#### [EXERCISE GOAL]
All of the data, except its images, should be set down exactly as it appears.

[[ TASK INPUTS open ]]

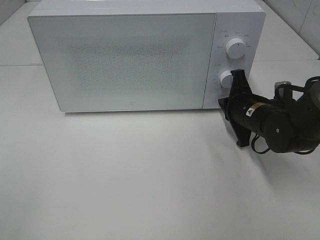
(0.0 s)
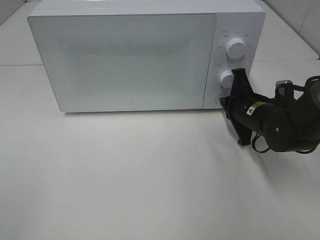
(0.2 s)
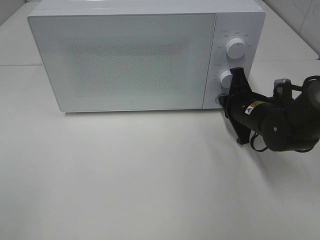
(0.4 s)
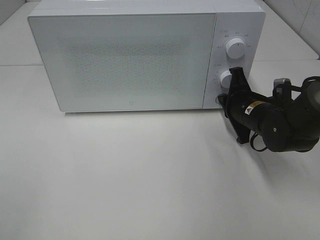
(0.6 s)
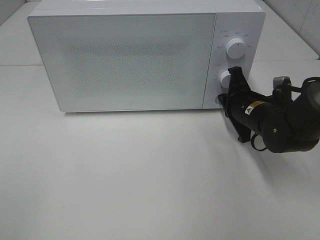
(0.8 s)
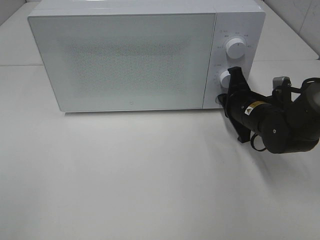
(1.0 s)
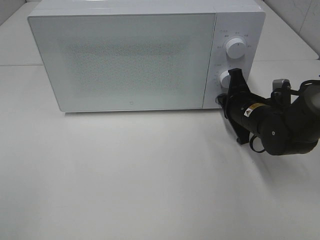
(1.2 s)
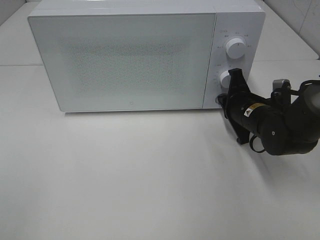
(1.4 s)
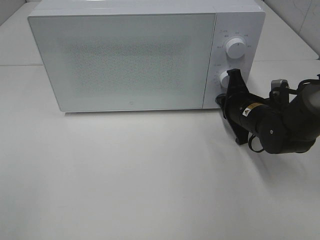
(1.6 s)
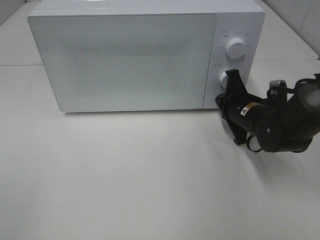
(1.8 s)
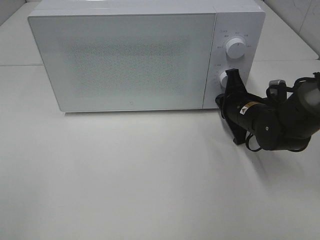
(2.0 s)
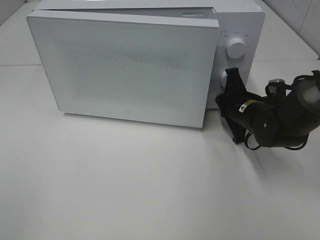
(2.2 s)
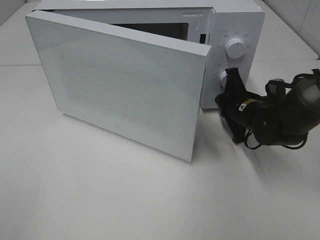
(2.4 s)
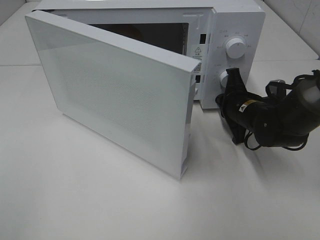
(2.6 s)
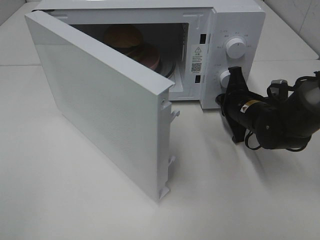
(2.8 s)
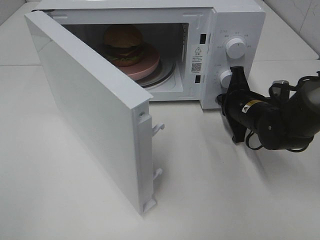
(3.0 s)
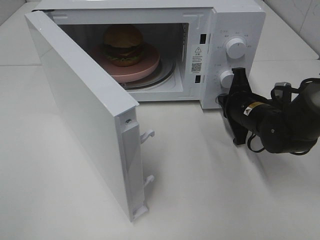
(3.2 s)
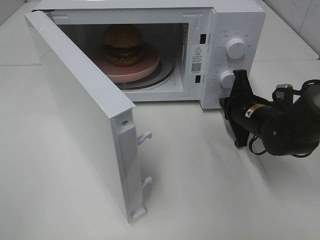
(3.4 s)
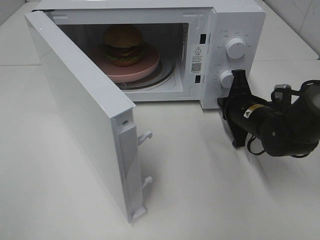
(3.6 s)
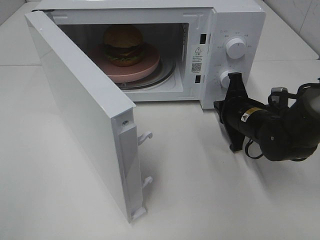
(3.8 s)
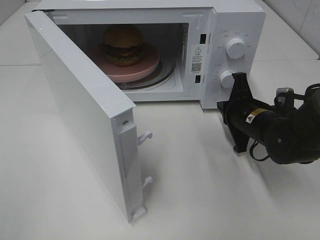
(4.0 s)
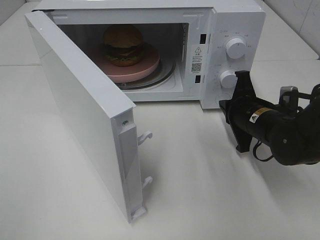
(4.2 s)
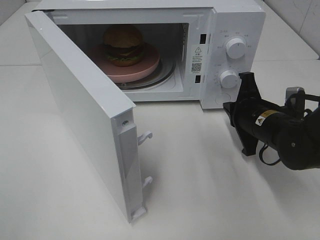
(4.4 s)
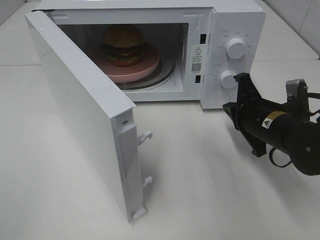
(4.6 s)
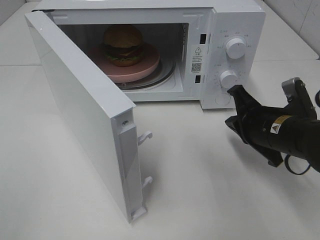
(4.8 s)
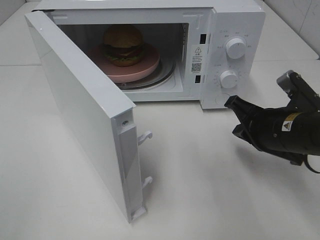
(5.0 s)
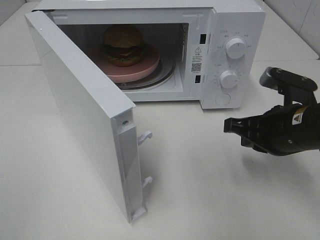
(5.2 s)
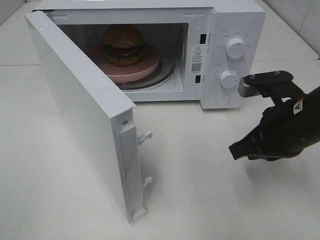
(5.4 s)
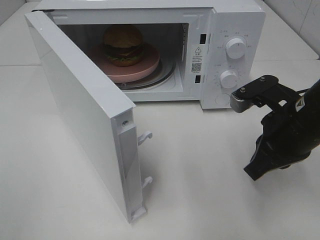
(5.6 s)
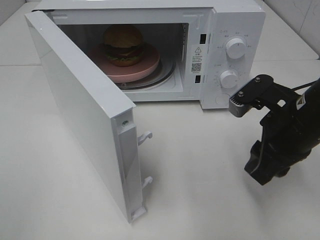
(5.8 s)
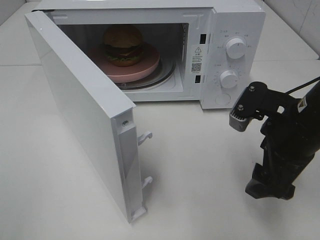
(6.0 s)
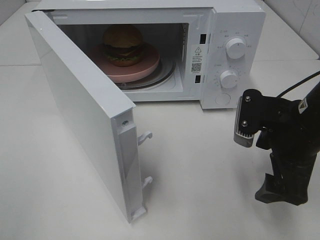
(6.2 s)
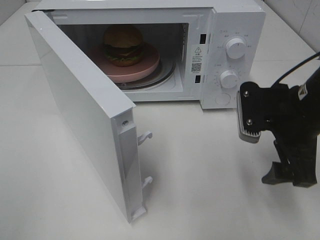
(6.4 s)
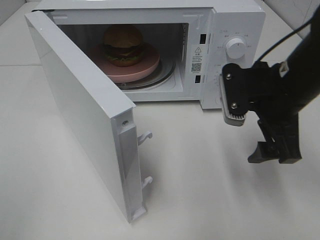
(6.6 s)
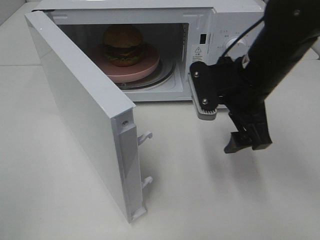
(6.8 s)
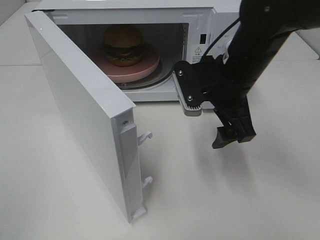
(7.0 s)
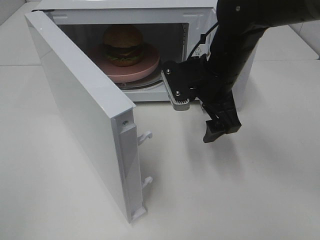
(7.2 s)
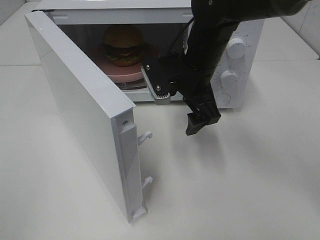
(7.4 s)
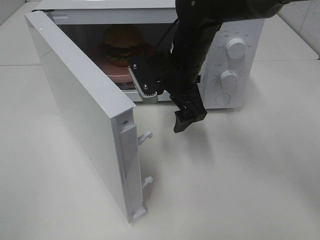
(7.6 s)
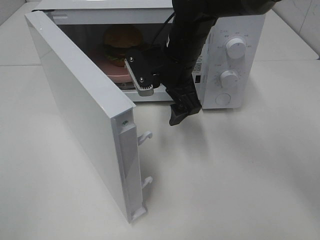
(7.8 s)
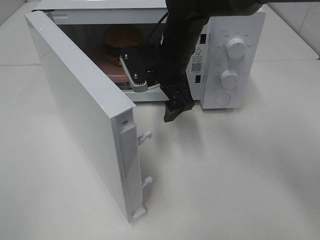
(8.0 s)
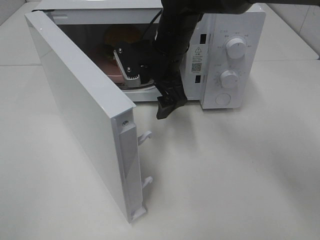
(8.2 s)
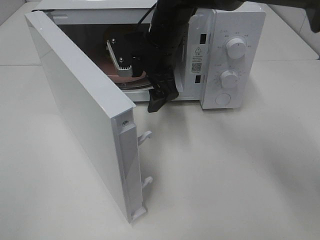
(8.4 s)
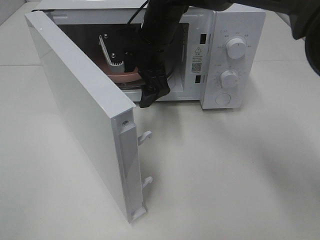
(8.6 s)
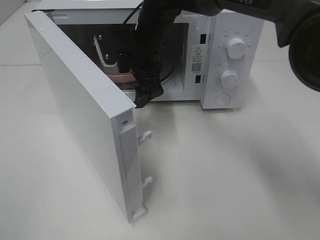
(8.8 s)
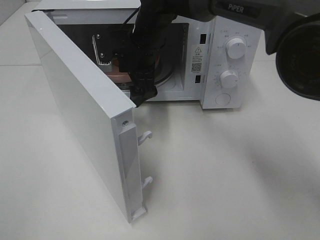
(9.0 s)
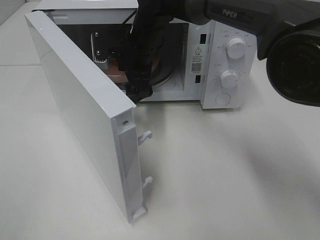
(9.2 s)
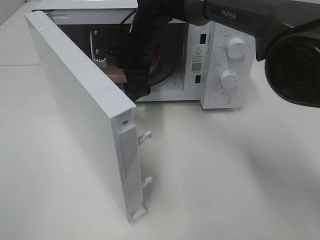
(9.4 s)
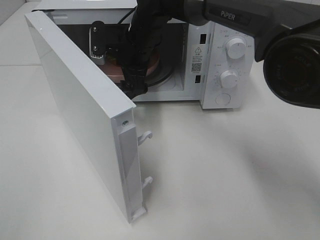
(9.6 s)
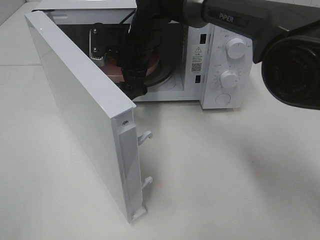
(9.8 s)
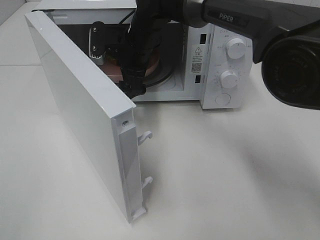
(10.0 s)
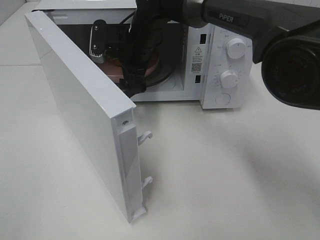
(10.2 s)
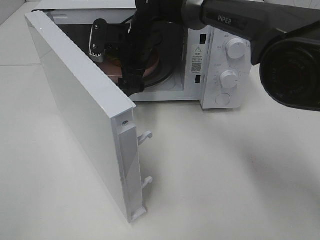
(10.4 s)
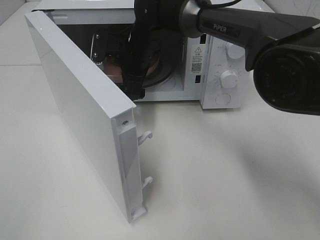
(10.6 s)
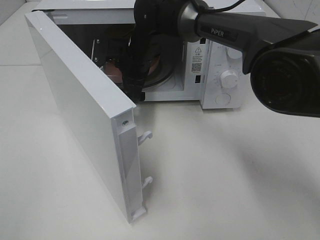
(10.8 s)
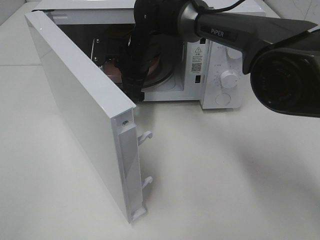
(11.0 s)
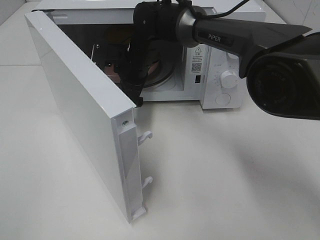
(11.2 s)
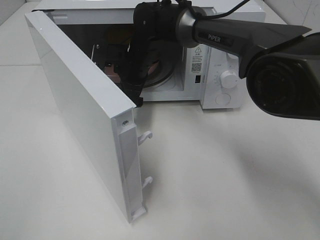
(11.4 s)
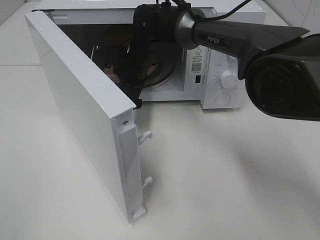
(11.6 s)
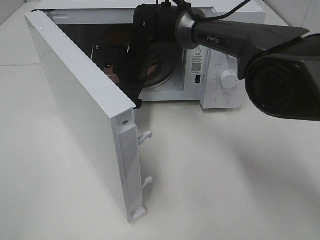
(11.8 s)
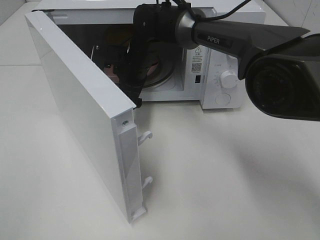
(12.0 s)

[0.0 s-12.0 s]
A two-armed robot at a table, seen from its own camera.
Task of the whole recording: Heat the burger.
Step, 0.0 to 3.6 s: Right hand: press the switch.
0.0 to 1.6 s: The grippers move only a little.
3.0 to 4.4 s: The right gripper moves about 5 cm.
4.4 to 6.0 s: The right gripper moves upward and backward, approximately 10 cm, and opens its fingers.
6.0 to 7.6 s: The right gripper is displaced to the left and forward by about 20 cm.
7.6 to 9.0 s: The right gripper shifts some 10 cm to the left and forward.
9.0 to 12.0 s: The grippers move only a little.

[[ TASK INPUTS closed ]]

#### [YOUR RESPONSE]
(0.0 s)
(0.2 s)
(0.4 s)
(0.6 s)
(0.8 s)
(1.0 s)
(1.2 s)
(1.4 s)
(1.6 s)
(1.8 s)
(2.0 s)
(2.2 s)
(2.4 s)
(2.6 s)
(2.8 s)
(3.0 s)
(3.2 s)
(3.4 s)
(3.6 s)
(3.8 s)
(4.0 s)
(4.2 s)
(4.4 s)
(4.6 s)
(4.8 s)
(5.0 s)
(5.2 s)
(5.4 s)
(5.6 s)
(5.8 s)
(6.0 s)
(6.2 s)
(6.4 s)
(6.6 s)
(6.8 s)
(7.0 s)
(7.2 s)
(7.4 s)
(7.6 s)
(7.8 s)
(8.0 s)
(8.2 s)
(8.4 s)
(8.6 s)
(8.8 s)
(9.0 s)
(9.2 s)
(9.4 s)
(9.6 s)
(9.8 s)
(10.0 s)
(10.2 s)
(10.4 s)
(10.6 s)
(10.8 s)
(11.0 s)
(11.2 s)
(11.4 s)
(11.6 s)
(11.8 s)
(12.0 s)

[0.0 s-12.0 s]
A two-armed robot at a table, seen from its own camera.
Task of the whole recording: Heat the burger.
Step, 0.0 to 3.6 s: Right hand: press the switch.
0.0 to 1.6 s: The grippers move only a little.
3.0 to 4.4 s: The right gripper moves about 5 cm.
4.4 to 6.0 s: The right gripper moves upward and backward, approximately 10 cm, and opens its fingers.
6.0 to 7.6 s: The right gripper is displaced to the left and forward by about 20 cm.
7.6 to 9.0 s: The right gripper shifts some 10 cm to the left and forward.
9.0 to 12.0 s: The grippers move only a little.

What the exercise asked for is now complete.